Limitations
The core challenge in this study lies in the quality and comparability of the historical surveys. While we here focused on overarching trends in species richness, these trends mask a substantial turnover in species composition between surveys, which is likely at least partially the result of methodological differences. These methodological differences seem to have been most substantial for the 1983 effort, yet these can be interpreted when considering the following aspects: 1) monitoring differences, 2) weather conditions, and 3) disturbance intensity.
While the vegetation survey of Lewejohann & Lorenzen (in 1983) was conducted during the same month (July) as Sylvén’s surveys (in 1903 and 1913) and our own in 2021, the covered perimeter (20 areas in total) was much larger. As a result, they presumably had the time to survey all areas only once, therefore likely missing ruderal species that appear later in the season. Additionally, their data missed perennial species such as Trifolium pratense L., Trifolium repens L., andVicia cracca L., which were present in 1903 and 1913 and are currently very abundant along the Rallarvägen trail. Even when these ruderal species are not flowering, they are easily identified, suggesting some selectivity in documenting species during their survey. An unexpected discovery, as Lewejohann & Lorenzen set out to survey vegetation changes following the disturbance caused by the building of the E10 road, and thus should have shown particular interest in ruderal species (Lewejohann & Lorenzen 1983; Lembrechts et al. 2014). We did learn that tourism in the area declined substantially in the early 1980s due to a temporarily reduced availability of tourist accommodation during that time. Consequently, we cannot exclude a recovery period from ruderal dominance in the vegetation. Nevertheless, the train stations would have seen continuous disturbance even in those days, and we thus deem it unlikely that these common ruderals mentioned above would have disappeared entirely. We do believe that all survey locations are still comparable as the landmarks in the surveyed villages have remained the same since 1903: the train stations have always been an anchor point for the villages.

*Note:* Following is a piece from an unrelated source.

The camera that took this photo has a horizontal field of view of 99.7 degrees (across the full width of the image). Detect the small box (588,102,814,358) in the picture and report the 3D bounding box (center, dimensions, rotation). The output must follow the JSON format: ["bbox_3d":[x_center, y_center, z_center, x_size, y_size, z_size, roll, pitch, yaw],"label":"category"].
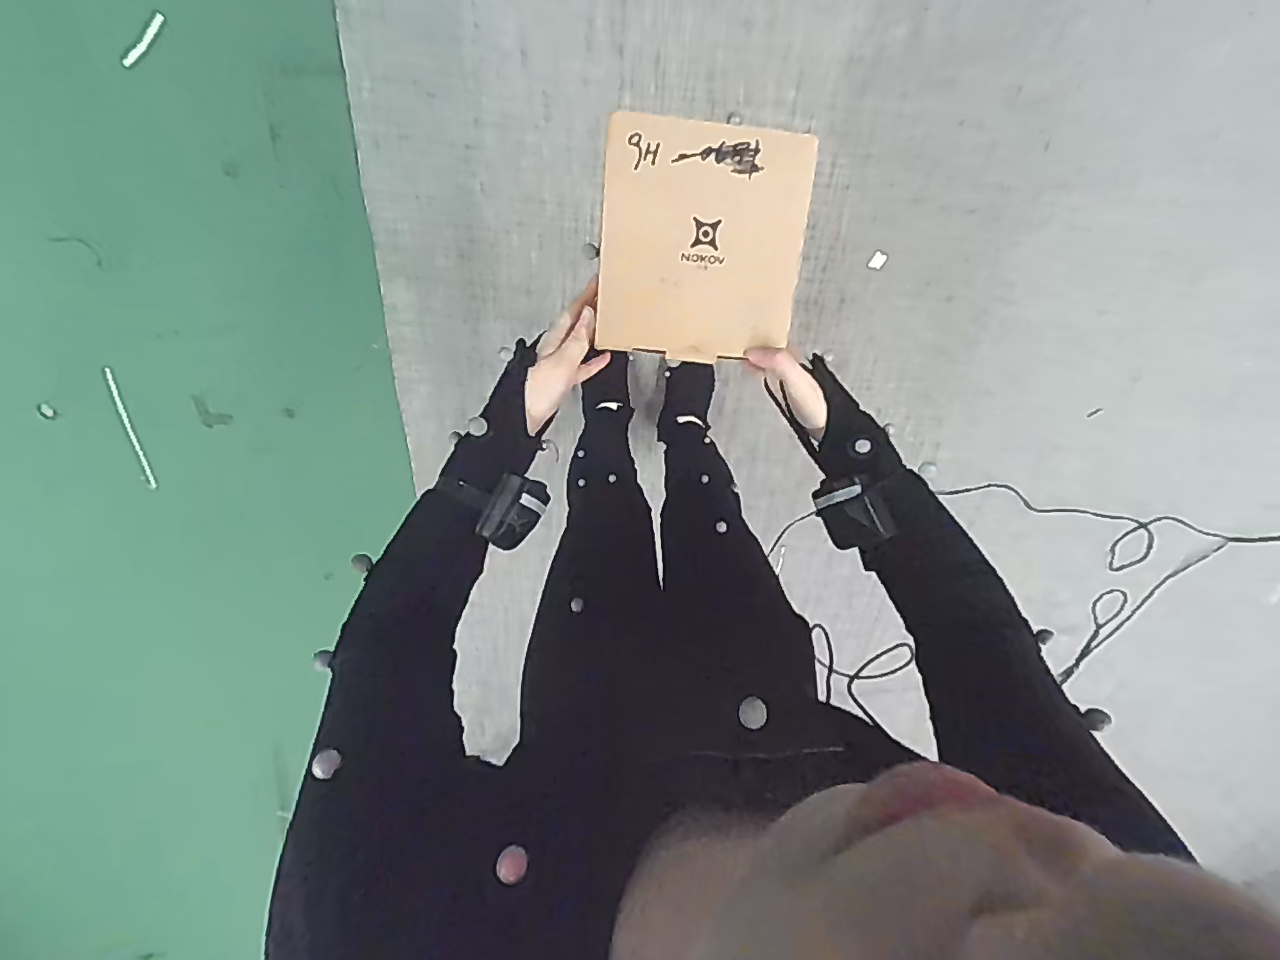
[{"bbox_3d":[0.042,-0.218,0.510,0.168,0.176,0.179,4,107,-5],"label":"small box"}]

Importantly, 1983 was also an anomalous year in terms of weather conditions (supplementary Table 16). Summer temperatures were on average 1°C lower than in 1913, and summer precipitation was exceptionally high (238.8 mm). Snow cover and snowmelt timing are among the most important drivers of structuring subarctic community composition and distribution (Wipf, 2010). Depending on the thickness, snow cover insulates species from the harsh winter conditions as it decouples the soil surface temperature from the air temperature (Niittynen & Luoto, 2017). If the snow layer disappears too early, the species underneath will be exposed to the spring frost. Snowmelt timing determines the growing season length (Niittynen & Luoto, 2017; Wipf, 2010). Moderate rainfall can speed-up the snow-melting process, expediting the onset of the growing season. Heavy rainfall, on the other hand, causes earlier snowmelt, yet then subsequent cold spells could potentially kill off ruderals, or reduce the surviving species’ ability to exploit the whole growing season. Such negative effects are especially disadvantageous for annual species as they do not get the chance to adapt their physiology or morphology in similar ways to perennial plants (Li et al. 2019). While we do not have information on the spring snow cover in 1983, the anomalous precipitation value could suggest that such a scenario of early snowmelt followed by spring forest events might have happened. Annual species are rare in tundra ecosystems (Weidema, 2000), but their distribution in 1983 is rather noteworthy. Seven of 57 (about 13%) of the observed ruderal species in 1983 had an annual life cycle, which was substantially lower than in the other observational years: 54% in 1903, 49% in 1913, and 16% in 2021. Five out of those seven occurred only at Björkliden. Interestingly, this was also the subregion in 1983 that accommodated species with highest average EIV-Ts (Fig. 3). This, in addition to the observed degree of heterogeneity between the subregions in 1983 (supplementary Fig. 4), is probably caused by the timing of observation, which seems of particular importance during that summer.
Another aspect that could have contributed to the low number of ruderal observations in 1983 was the low disturbance intensity during the E10 highway building between 1976 and 1982 (Bäck & Jonasson, 1998). We found that ruderal species distributions along the Rallarvägen were in the most recent survey still clearly correlated to the railroad, rather than the E10 (Fig. 4). In contrast to the railroad construction, the E10 was not built using the Rallarvägen as a transport road, and hence its direct impact on the Rallarvägen vegetation during that time was substantially smaller. Since then, the highway facilitated easier movement in and around the area by cyclists, cars, and trucks, while parking lots now enable hikers to enter the trail at numerous locations, which were less accessible in the past (Bäck & Jonasson, 1998; Frenkel, 1977; Lembrechts et al. 2014). Nevertheless, the resulting influx of ruderals along the Rallarvägen was possibly not yet detectable in 1983. Indeed, ruderal species numbers increased again since then, yet whether this was simply methodological, disturbance, or climate related we do not know. The proportionally rising number of non-native ruderal species is potentially an indication of a delayed response, yet the above discussion should make clear that caution regarding species patterns in 1983 is warranted.